/basic_asr

Primary LanguageJupyter Notebook

Model training CI Quality Gate Status

Basic ASR | FHICT AI For Society Minor

This is a basic automatic speech recognition (ASR) model able to recognize 8 commands/words.

Requirements

If you wish to run experiments, training the model, you will need the following dependencies.

💡 Make sure DVC (1) is installed, together with the Google Cloud Storage (GCS) driver (2), e.g.:

  1. pip install dvc
  2. pip install "dvc[gs]"

Usage

Running new experiments locally

  1. Run dvc pull to get the training data and custom data (used for manual evaluation).
  2. Edit source code e.g. the params.yaml file or model.py.
  3. Run dvc exp run to run a new experiment.
  4. Run dvc exp diff to see the difference of your experiment, compared to the main branch.

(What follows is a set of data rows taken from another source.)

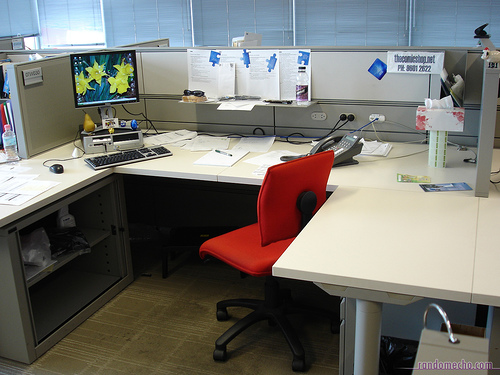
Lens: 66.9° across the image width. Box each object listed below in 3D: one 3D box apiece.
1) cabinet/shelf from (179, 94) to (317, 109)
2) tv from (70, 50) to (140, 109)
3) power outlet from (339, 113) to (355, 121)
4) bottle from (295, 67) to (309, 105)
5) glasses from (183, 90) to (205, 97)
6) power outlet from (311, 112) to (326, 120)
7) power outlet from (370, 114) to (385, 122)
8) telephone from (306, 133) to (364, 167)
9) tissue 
[{"bbox_3d":[-0.021,-0.586,2.633,0.957,0.111,0.252,1,18,9],"label":"cabinet/shelf"},{"bbox_3d":[-1.004,-0.747,2.588,0.450,0.362,0.044,-7,17,-24],"label":"tv"},{"bbox_3d":[0.674,-0.487,2.626,0.105,0.058,0.022,0,19,5],"label":"power outlet"},{"bbox_3d":[0.357,-0.705,2.583,0.084,0.235,0.108,0,19,8],"label":"bottle"},{"bbox_3d":[-0.408,-0.689,2.750,0.165,0.056,0.062,0,25,2],"label":"glasses"},{"bbox_3d":[0.486,-0.503,2.679,0.109,0.059,0.019,0,19,7],"label":"power outlet"},{"bbox_3d":[0.864,-0.473,2.572,0.102,0.050,0.033,0,19,5],"label":"power outlet"},{"bbox_3d":[0.521,-0.237,2.305,0.290,0.148,0.286,-18,23,-27],"label":"telephone"},{"bbox_3d":[1.062,-0.406,2.137,0.216,0.146,0.222,2,13,10],"label":"tissue "}]
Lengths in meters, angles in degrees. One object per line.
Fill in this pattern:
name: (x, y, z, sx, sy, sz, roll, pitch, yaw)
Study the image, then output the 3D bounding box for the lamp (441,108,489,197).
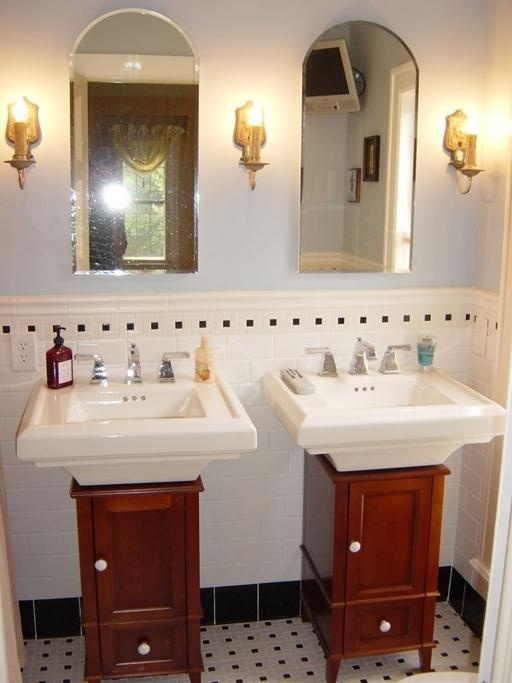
lamp: (0.729, -0.679, 2.074, 0.119, 0.295, 0.099, 0, 10, 0)

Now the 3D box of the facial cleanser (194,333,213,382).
facial cleanser: (-0.182, 0.053, 1.955, 0.056, 0.143, 0.146, -3, 10, -14)

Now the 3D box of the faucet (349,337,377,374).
faucet: (0.370, 0.050, 2.084, 0.123, 0.130, 0.113, 1, 9, 5)

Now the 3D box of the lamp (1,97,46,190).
lamp: (-0.708, -0.609, 1.760, 0.106, 0.276, 0.152, -3, 10, -15)

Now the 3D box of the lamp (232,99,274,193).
lamp: (-0.017, -0.646, 1.896, 0.111, 0.289, 0.144, -1, 9, -3)
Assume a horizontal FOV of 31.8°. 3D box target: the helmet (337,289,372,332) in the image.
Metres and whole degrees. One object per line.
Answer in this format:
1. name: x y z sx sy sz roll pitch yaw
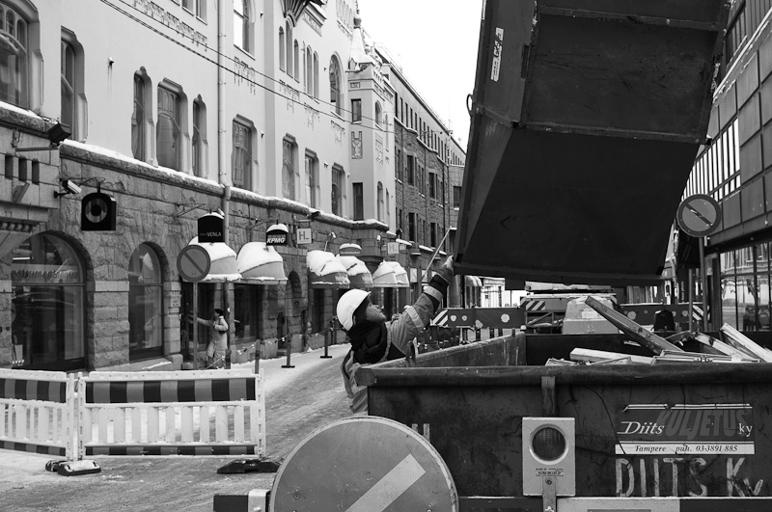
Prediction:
1. helmet: -0.500 0.775 21.190 0.437 0.678 0.470 7 -8 -3

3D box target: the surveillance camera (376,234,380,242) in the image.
1. surveillance camera: -0.252 -0.739 54.630 0.180 0.350 0.196 4 -41 -4

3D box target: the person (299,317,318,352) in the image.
1. person: -2.623 2.717 46.125 0.716 1.605 0.787 1 2 -7

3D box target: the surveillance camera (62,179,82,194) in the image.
1. surveillance camera: -7.155 -1.588 31.068 0.395 0.366 0.748 2 -10 -14

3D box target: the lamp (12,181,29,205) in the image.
1. lamp: -7.696 -1.358 28.915 0.200 0.478 0.475 -5 -10 32

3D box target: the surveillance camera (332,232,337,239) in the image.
1. surveillance camera: -1.883 -0.788 50.011 0.153 0.242 0.093 -9 14 -38

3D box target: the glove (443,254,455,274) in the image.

Manually evaluating model performance

With custom data using DVC

If you wish to manually test the model, without your own data, run dvc pull custom_data to get the data. Start a jupyter notebook server and run the ./src/manual_evaluation.sync.ipynb notebook.

Own Data

To manually test the model with your own data, load in your own speech which are .wav files with similar specs as the data it was trained on:

Format                                   : Wave
File size                                : 31.3 KiB
Duration                                 : 1 s 0 ms
Overall bit rate mode                    : Constant
Overall bit rate                         : 256 kb/s

Audio
Format                                   : PCM
Format settings                          : Little / Signed
Codec ID                                 : 1
Duration                                 : 1 s 0 ms
Bit rate mode                            : Constant
Bit rate                                 : 256 kb/s
Channel(s)                               : 1 channel
Sampling rate                            : 16.0 kHz
Bit depth                                : 16 bits
Stream size                              : 31.2 KiB (100%)

Check out the manual evaluation notebook on how to load in the model and make new predictions.